▶ About this exercise: Write down each entry again, exactly as it reads.

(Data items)
--------------------------------
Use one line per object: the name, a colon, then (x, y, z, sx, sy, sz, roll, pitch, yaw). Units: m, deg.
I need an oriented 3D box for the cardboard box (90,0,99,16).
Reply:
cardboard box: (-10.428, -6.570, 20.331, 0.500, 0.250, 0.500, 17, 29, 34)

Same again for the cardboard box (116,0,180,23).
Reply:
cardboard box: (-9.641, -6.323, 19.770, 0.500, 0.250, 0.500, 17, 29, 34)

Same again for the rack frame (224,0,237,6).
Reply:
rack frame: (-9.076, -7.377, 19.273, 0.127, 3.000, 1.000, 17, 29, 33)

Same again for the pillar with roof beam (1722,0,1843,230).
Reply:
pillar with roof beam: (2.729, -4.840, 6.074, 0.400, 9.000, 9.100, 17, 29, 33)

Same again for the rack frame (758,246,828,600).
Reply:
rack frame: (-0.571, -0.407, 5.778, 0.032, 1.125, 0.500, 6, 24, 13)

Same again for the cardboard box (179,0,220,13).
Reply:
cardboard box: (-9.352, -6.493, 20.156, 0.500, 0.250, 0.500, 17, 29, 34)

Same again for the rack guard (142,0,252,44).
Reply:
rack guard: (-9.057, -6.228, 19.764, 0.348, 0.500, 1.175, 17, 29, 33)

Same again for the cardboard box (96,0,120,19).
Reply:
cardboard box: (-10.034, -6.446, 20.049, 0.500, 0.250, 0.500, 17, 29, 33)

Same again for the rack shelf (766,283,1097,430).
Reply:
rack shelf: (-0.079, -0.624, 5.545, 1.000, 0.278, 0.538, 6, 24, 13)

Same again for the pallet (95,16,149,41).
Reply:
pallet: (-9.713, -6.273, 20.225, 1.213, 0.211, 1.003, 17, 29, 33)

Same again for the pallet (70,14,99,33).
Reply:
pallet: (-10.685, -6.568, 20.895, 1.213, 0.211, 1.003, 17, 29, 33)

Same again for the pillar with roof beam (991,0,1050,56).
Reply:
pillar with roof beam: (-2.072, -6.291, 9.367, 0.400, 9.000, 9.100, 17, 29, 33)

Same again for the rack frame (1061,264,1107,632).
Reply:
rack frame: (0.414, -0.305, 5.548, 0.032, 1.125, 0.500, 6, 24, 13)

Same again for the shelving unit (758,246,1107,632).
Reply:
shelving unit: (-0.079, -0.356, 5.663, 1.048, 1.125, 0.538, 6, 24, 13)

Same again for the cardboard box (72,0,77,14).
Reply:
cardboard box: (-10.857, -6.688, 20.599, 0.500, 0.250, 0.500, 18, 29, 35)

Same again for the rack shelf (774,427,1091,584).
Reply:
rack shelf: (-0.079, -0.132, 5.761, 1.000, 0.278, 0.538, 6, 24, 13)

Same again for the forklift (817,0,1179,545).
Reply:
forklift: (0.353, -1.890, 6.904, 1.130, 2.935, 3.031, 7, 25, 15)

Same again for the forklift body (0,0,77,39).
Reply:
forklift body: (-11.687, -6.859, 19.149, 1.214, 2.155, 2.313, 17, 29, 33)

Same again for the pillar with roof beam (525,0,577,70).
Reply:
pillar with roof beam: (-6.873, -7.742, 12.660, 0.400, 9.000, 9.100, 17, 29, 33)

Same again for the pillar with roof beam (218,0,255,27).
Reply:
--------------------------------
▶ Task response:
Use one line per object: the name, a colon, then (x, y, z, sx, sy, sz, roll, pitch, yaw). Units: m, deg.
I need an oriented 3D box for the cardboard box (90,0,99,16).
Reply:
cardboard box: (-10.428, -6.570, 20.331, 0.500, 0.250, 0.500, 17, 29, 34)

Same again for the cardboard box (116,0,180,23).
Reply:
cardboard box: (-9.641, -6.323, 19.770, 0.500, 0.250, 0.500, 17, 29, 34)

Same again for the rack frame (224,0,237,6).
Reply:
rack frame: (-9.076, -7.377, 19.273, 0.127, 3.000, 1.000, 17, 29, 33)

Same again for the pillar with roof beam (1722,0,1843,230).
Reply:
pillar with roof beam: (2.729, -4.840, 6.074, 0.400, 9.000, 9.100, 17, 29, 33)

Same again for the rack frame (758,246,828,600).
Reply:
rack frame: (-0.571, -0.407, 5.778, 0.032, 1.125, 0.500, 6, 24, 13)

Same again for the cardboard box (179,0,220,13).
Reply:
cardboard box: (-9.352, -6.493, 20.156, 0.500, 0.250, 0.500, 17, 29, 34)

Same again for the rack guard (142,0,252,44).
Reply:
rack guard: (-9.057, -6.228, 19.764, 0.348, 0.500, 1.175, 17, 29, 33)

Same again for the cardboard box (96,0,120,19).
Reply:
cardboard box: (-10.034, -6.446, 20.049, 0.500, 0.250, 0.500, 17, 29, 33)

Same again for the rack shelf (766,283,1097,430).
Reply:
rack shelf: (-0.079, -0.624, 5.545, 1.000, 0.278, 0.538, 6, 24, 13)

Same again for the pallet (95,16,149,41).
Reply:
pallet: (-9.713, -6.273, 20.225, 1.213, 0.211, 1.003, 17, 29, 33)

Same again for the pallet (70,14,99,33).
Reply:
pallet: (-10.685, -6.568, 20.895, 1.213, 0.211, 1.003, 17, 29, 33)

Same again for the pillar with roof beam (991,0,1050,56).
Reply:
pillar with roof beam: (-2.072, -6.291, 9.367, 0.400, 9.000, 9.100, 17, 29, 33)

Same again for the rack frame (1061,264,1107,632).
Reply:
rack frame: (0.414, -0.305, 5.548, 0.032, 1.125, 0.500, 6, 24, 13)

Same again for the shelving unit (758,246,1107,632).
Reply:
shelving unit: (-0.079, -0.356, 5.663, 1.048, 1.125, 0.538, 6, 24, 13)

Same again for the cardboard box (72,0,77,14).
Reply:
cardboard box: (-10.857, -6.688, 20.599, 0.500, 0.250, 0.500, 18, 29, 35)

Same again for the rack shelf (774,427,1091,584).
Reply:
rack shelf: (-0.079, -0.132, 5.761, 1.000, 0.278, 0.538, 6, 24, 13)

Same again for the forklift (817,0,1179,545).
Reply:
forklift: (0.353, -1.890, 6.904, 1.130, 2.935, 3.031, 7, 25, 15)

Same again for the forklift body (0,0,77,39).
Reply:
forklift body: (-11.687, -6.859, 19.149, 1.214, 2.155, 2.313, 17, 29, 33)

Same again for the pillar with roof beam (525,0,577,70).
Reply:
pillar with roof beam: (-6.873, -7.742, 12.660, 0.400, 9.000, 9.100, 17, 29, 33)

Same again for the pillar with roof beam (218,0,255,27).
Reply:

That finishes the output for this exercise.